# Photos of My 1/48 ANSA Icarus Spaceship



## Phillip1 (Jul 24, 2009)

Fellow Modelers,

This is Monsters-In-Motion’s 1/48 scale ANSA Icarus spaceship from the movie “The Planet of the Apes”. This kit was made up of only a few resin parts but was a difficult build because of the poor fit between the upper and lower hull halves. I ended up replacing the lower hull half with two (left and right) thin pieces of carefully cut styrene. The kit included a “Lake Powell” water base and I chose to mount the ship on a 1/4” metal rod above the water. The water section of the base was coated with Future to give it a wet look. I did not have good references when I built the kit so I made (at least) two mistakes. First, the anti-glare sections around the cockpit should have been painted be a dark green instead of black. Also, the gold nose and white body colors should be separated with thin blue and red stripes instead of a single black stripe. The full size mockup used in the Lake Powell scenes may have had a light gray nose cone, but the six foot miniature seen going under the water had a gold nose. My model was given several light coats of Future to produce a semi-gloss finish. This ship has a very simple shape, but I have always thought it was a really attractive, clean design.

P. Gore


----------



## Phillip1 (Jul 24, 2009)

Final Icarus photos...


----------



## ModelKitBuilder (Jul 17, 2009)

Phillip1 said:


> Fellow Modelers,
> 
> This is Monsters-In-Motion’s 1/48 scale ANSA Icarus spaceship from the movie “The Planet of the Apes”. This kit was made up of only a few resin parts but was a difficult build because of the poor fit between the upper and lower hull halves. I ended up replacing the lower hull half with two (left and right) thin pieces of carefully cut styrene. The kit included a “Lake Powell” water base and I chose to mount the ship on a 1/4” metal rod above the water. The water section of the base was coated with Future to give it a wet look. I did not have good references when I built the kit so I made (at least) two mistakes. First, the anti-glare sections around the cockpit should have been painted be a dark green instead of black. Also, the gold nose and white body colors should be separated with thin blue and red stripes instead of a single black stripe.
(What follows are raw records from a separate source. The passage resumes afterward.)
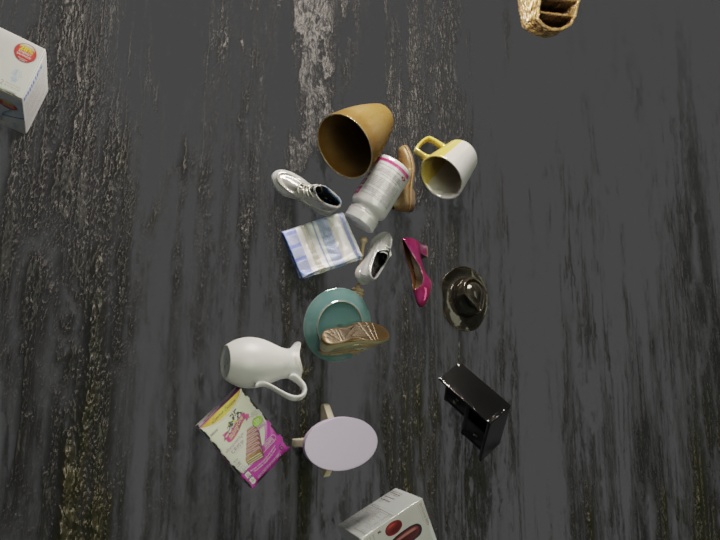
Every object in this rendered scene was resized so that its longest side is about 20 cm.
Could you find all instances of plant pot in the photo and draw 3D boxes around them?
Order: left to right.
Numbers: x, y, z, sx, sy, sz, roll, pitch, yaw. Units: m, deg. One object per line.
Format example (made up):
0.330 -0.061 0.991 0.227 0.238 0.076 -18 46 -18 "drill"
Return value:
0.008 -0.391 1.687 0.188 0.185 0.200 54 50 -10 "plant pot"

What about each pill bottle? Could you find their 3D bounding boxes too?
0.046 -0.215 1.690 0.113 0.113 0.202 36 79 -18 "pill bottle"

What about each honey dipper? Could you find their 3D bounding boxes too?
0.000 0.000 1.687 0.037 0.038 0.204 15 74 -24 "honey dipper"

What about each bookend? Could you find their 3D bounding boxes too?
0.321 0.412 1.744 0.091 0.201 0.199 -30 52 -28 "bookend"

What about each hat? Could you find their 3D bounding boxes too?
0.340 0.082 1.826 0.197 0.081 0.205 5 80 -28 "hat"

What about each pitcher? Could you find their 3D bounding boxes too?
-0.233 0.246 1.460 0.197 0.122 0.173 7 36 -30 "pitcher"

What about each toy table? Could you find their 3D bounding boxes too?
-0.070 0.442 1.534 0.197 0.117 0.187 15 75 -24 "toy table"

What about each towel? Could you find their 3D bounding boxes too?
-0.103 -0.070 1.634 0.197 0.024 0.149 -19 81 -25 "towel"

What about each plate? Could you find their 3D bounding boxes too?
-0.058 0.149 1.614 0.197 0.025 0.204 -2 95 -23 "plate"

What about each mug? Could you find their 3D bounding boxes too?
0.275 -0.339 1.829 0.153 0.148 0.188 -46 110 -33 "mug"

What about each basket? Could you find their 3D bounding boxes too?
0.687 -0.932 2.132 0.197 0.148 0.146 -5 84 -29 "basket"

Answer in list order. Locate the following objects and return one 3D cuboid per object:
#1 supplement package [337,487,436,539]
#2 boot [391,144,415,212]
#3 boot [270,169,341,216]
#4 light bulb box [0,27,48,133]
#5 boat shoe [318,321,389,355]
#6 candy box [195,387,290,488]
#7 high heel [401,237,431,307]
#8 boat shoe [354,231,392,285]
0.081 0.716 1.552 0.198 0.147 0.194 -22 92 -27 "supplement package"
0.119 -0.277 1.778 0.074 0.074 0.204 0 84 -17 "boot"
-0.142 -0.220 1.613 0.198 0.095 0.075 27 70 -21 "boot"
-0.780 -0.415 1.251 0.196 0.199 0.127 23 72 -22 "light bulb box"
-0.017 0.189 1.591 0.197 0.066 0.073 -5 43 -27 "boat shoe"
-0.286 0.407 1.458 0.136 0.061 0.201 -43 102 -25 "candy box"
0.156 0.003 1.745 0.095 0.067 0.204 17 69 -34 "high heel"
0.052 -0.040 1.681 0.073 0.068 0.200 59 45 -21 "boat shoe"
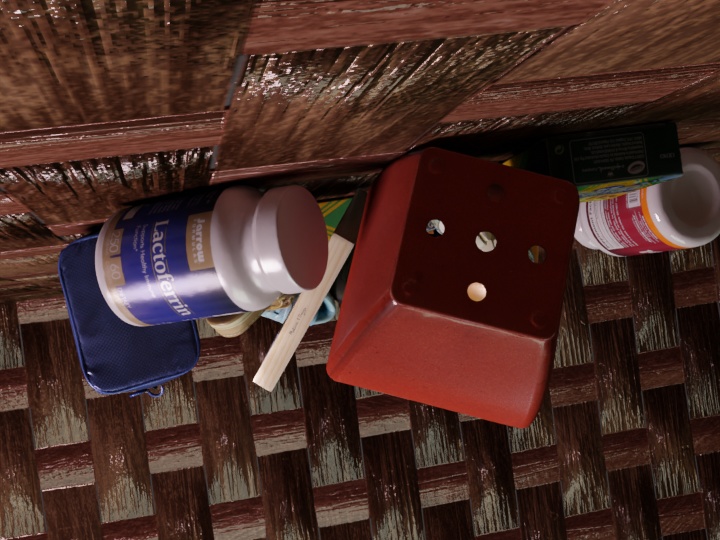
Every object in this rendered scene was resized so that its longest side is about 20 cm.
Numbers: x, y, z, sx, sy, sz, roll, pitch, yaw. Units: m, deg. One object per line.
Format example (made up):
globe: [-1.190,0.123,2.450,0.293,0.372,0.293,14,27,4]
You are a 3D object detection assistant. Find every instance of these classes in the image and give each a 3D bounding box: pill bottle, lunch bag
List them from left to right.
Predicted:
lunch bag: [-0.259,0.049,1.139,0.134,0.203,0.132,-13,-178,-11]
pill bottle: [-0.136,-0.016,0.920,0.198,0.118,0.115,-9,178,26]
pill bottle: [0.337,-0.076,1.191,0.111,0.115,0.200,-7,179,-20]

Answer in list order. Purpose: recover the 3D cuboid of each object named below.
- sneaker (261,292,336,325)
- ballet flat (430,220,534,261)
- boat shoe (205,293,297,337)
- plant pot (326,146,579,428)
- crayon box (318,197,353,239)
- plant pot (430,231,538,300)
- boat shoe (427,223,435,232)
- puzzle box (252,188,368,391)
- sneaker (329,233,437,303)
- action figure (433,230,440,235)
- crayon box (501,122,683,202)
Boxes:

The full size mockup used in the Lake Powell scenes may have had a light gray nose cone, but the six foot miniature seen going under the water had a gold nose. My model was given several light coats of Future to produce a semi-gloss finish. This ship has a very simple shape, but I have always thought it was a really attractive, clean design.
> 
> P. Gore


I think you did a very nice job! :thumbsup:

Check out my YouTube video of a Wilco Models Icarus that I built:





I have part 1 of how I made it by clicking *HERE*.

Part 2 is *HERE*.


----------



## Carson Dyle (May 7, 2003)

Sweet model; thanks for posting.

The nose cone on the full scale mock-up was gold as well, albeit a very pale gold.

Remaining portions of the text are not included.